Tuesday, April 28, 2009

A Dangerous Munch Crunch

If the global economic crunch has directly affected your personal finances, consider the ripple effect on the world’s poorest countries. A scramble over food—a battle to afford the basic grains—may well be the world’s next big security risk.

The World Food Program this month updated a needs assessment for developing countries in light of the global financial tailspin. Leaders of the top industrialized countries, at a G8 agricultural meeting in Italy, read the forecast with some alarm. Just a year ago, there were riots in more than two dozen countries when food prices spiked to record highs. Emergency aid and subsequent robust harvests helped deflate that crisis. Now authorities see food risks spiraling again as wealthy countries struggle for economic equilibrium.

What happens when rich people steer away from risk, consumers stop spending and credit dries up? The faraway poor suffer the nastiest end of a financial whiplash. The WFP's report, relying on World Bank and International Monetary Fund figures, told this story:

Remittances in emerging countries—money sent home by family members working abroad—have shrunk significantly with the downturn. Primary exports in poor countries, and particularly African nations that sell goods such as copper and coffee, have fallen. Capital investments in emerging markets are shriveling.

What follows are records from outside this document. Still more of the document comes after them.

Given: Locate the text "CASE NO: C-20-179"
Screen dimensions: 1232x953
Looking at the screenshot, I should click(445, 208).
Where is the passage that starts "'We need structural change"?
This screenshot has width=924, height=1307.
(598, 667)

WFP spokeswoman Brenda Barton told me that global food production has long been on the radar of the industrialized world as a humanitarian concern. Now sensitivities appear to have changed. U.S. agriculture secretary Tom Vilsack told the Financial Times at the G8 ministers meeting that global food output was coming into focus as a security risk. “This is not just about food security, this is about national security,” Vilsack said.

WFP is waiting to see if food production and hunger actually finds a place on agenda of the G8 summit now planned for July. High food prices persist—albeit lower than the crisis days of 2008—and the world’s hungry are not diminishing in number, Barton said.

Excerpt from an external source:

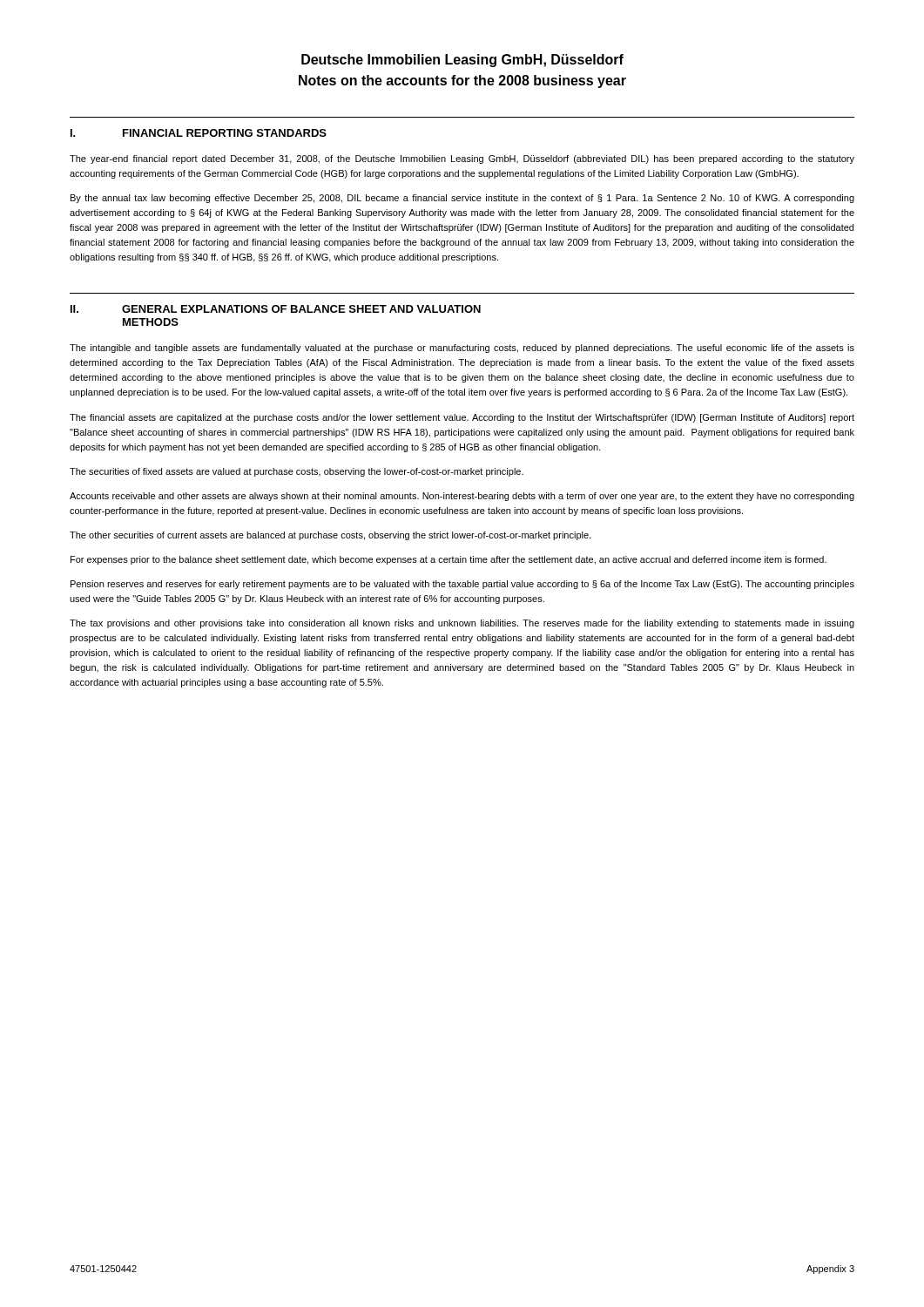Locate the section header that says "I. FINANCIAL REPORTING"

[198, 133]
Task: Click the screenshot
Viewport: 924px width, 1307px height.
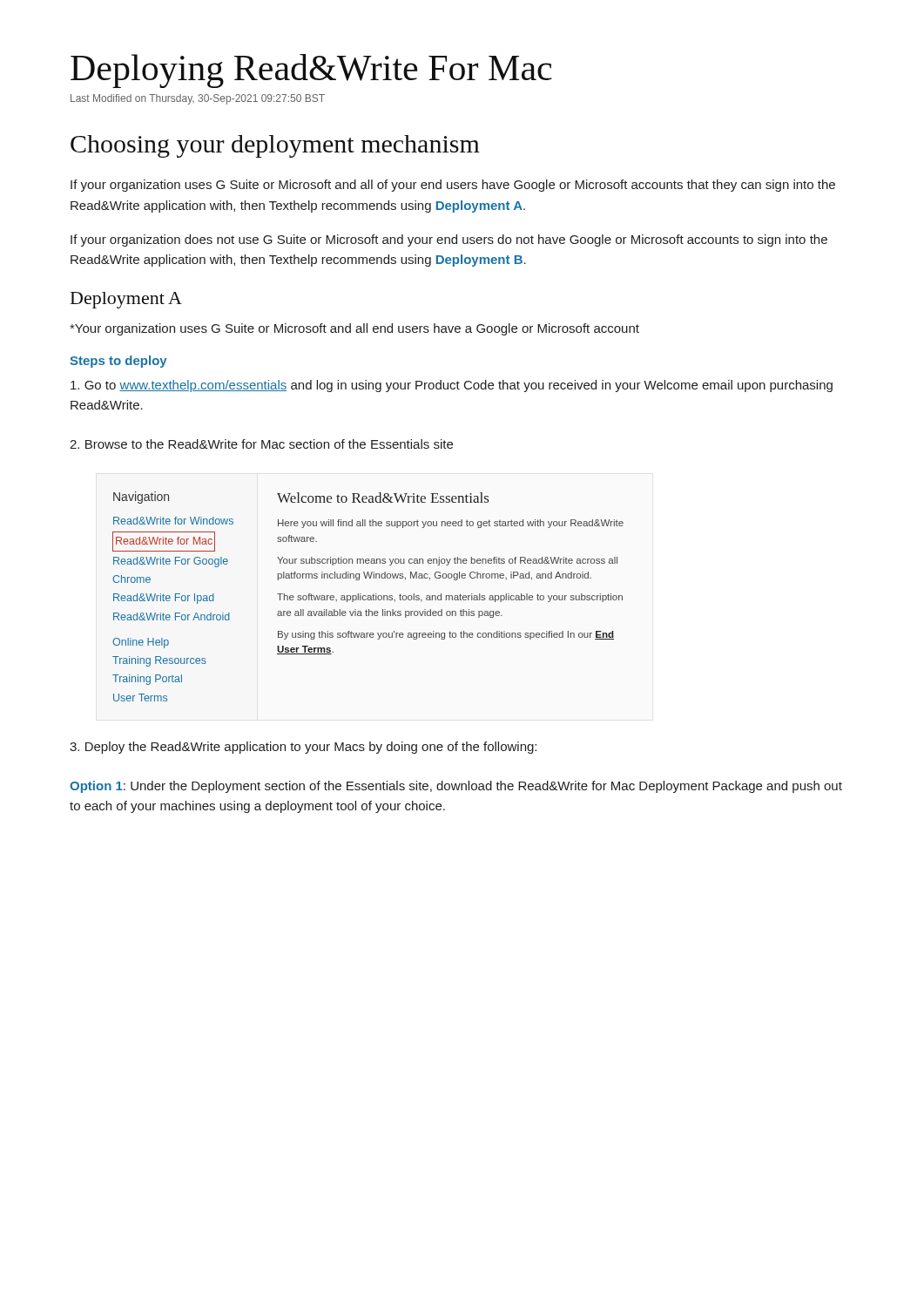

More than a billion people go hungry everyday and the number is expected to climb under the current bleak economic conditions. To get a better idea of the problem, look at this data from WFP's April 24 fact sheet. Global cereal prices have fallen since the spike of 2008 but they are still 66 per cent higher than 2005.

“Unfortunately, there are always political and other forces at play when it comes to food,” Barton explained. ”It helps when there are riots on television and people see the human effect of high prices. But it was really straight-forward last year when people saw this as a price issue.

“Now, with the financial crisis, the situation has become much more complicated and far more difficult to track all factors,” Barton said. “And when you see this as a matter of security, well, that takes it to a whole new level.”